At the land registry office, the house is dated 1952, nothing before that. “The resettlement books seem to be lost,” says the official; not lost, “seem to be lost”; this expression he chooses is fair. Batting zero. Soyyılmaz's film could have stayed here, if social media didn’t exist. That didn't happen quickly either, he received a lot of messages from Turkey and Greece in response to the calls he made over a long period of time spanning seven years. Even though he had no idea who Chrysoula Rodaki could be, there were people who wanted to help. In Greece, his search was repeatedly reported in the news, the call was spread, he reached a number of lists. He searched for villages in northern Greece where the Greeks who had been expelled from the village where his grandmother and her father were born might have settled. Could the Greek for “karaca” of Karacaköy be the name of another village on the other side of the border?

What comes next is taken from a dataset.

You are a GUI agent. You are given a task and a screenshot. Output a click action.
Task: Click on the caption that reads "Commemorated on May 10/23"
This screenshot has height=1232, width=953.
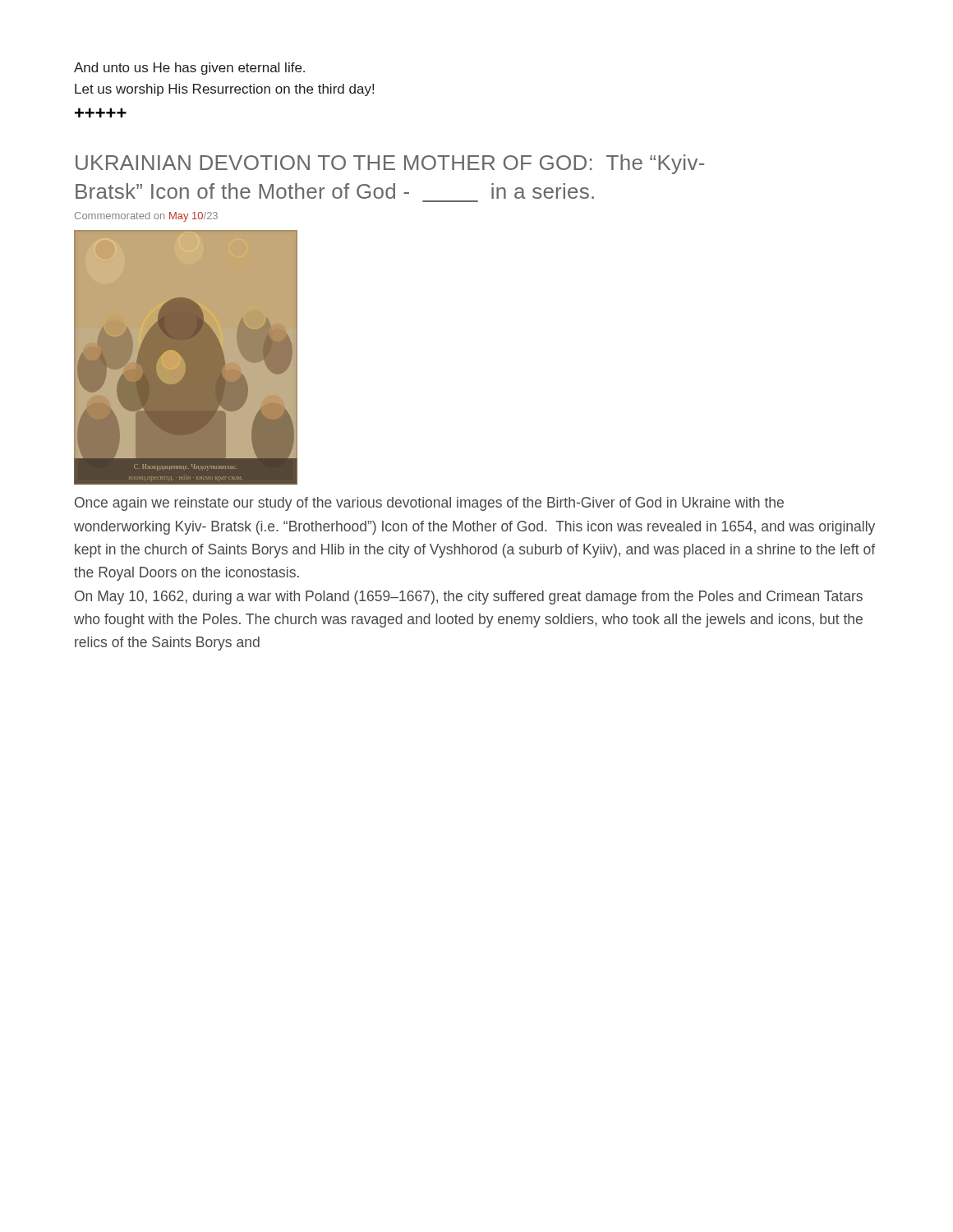click(146, 216)

It's not like telling the end of a movie; Soyyılmaz eventually reaches Theodor Rodaki. The Rodakis are one of the families forced to migrate from Anatolia in the first wave. According to the family tree, Chyrsoula Rodakis was a young woman who died of an illness at the age of 18. The fact that she was adopted hides another story that today no one will ever know; even if there is no treasure in the tombstone, there is this one.

Afterwards, a meeting in the garden of that house that connected the two families, a tombstone shouldered with tears, all together towards the Çatalca Museum of Exchange. Then a table. While a wonderful table was set, it was the zucchini pie left over from the day before that caused the most excitement, simply because the elders of the family did just that...

Ghosts of the past
Even if Kerem Soyyılmaz had not found Theodor Rodaki, this would still be a film of a search, a journey, and many people touched by the film would not remain where they started. For example, it seems strange to him today that his family, who migrated from Crimea to these lands after the war in the mid-19th century, had never wondered about the history of the house before. Where they lived before, how they moved to that house, those parts are still blurry. “The fact that such a tangible thing came out of the place we call home added a dimension to the concept of home in our family. When I look back now, it seems like we actually created our own story while trying to find the story of the stone. “My aunt's love for the house, the garden and everything, her sense of belonging, her flowers, were once the same for another family. That's why we wrote 'One house, two families' when we introduced the film.

Despite the state, we have a partially clearer family story. One of the missing pieces of Theodor's family story on the other side of the border has been completed,” Soyyılmaz says.
Perhaps there was a connection with the sightings of “ghosts” even before they reached the Rodakis. Outright ghosts... The contribution of Tuba Emiroğlu, an academic at Mimar Sinan Fine Arts University working on Gökçeada/Imroz and the ghosts of the past, is to make sense of this; she says that we should be worried if the ghosts never appeared, because they keep such histories of political violence alive in social memory. This is one way.

Searching for Rodakis, won the Best Documentary Film Award at the Adana Golden Boll Film Festival last year, among many other awards.  The movie is also available on BluTV.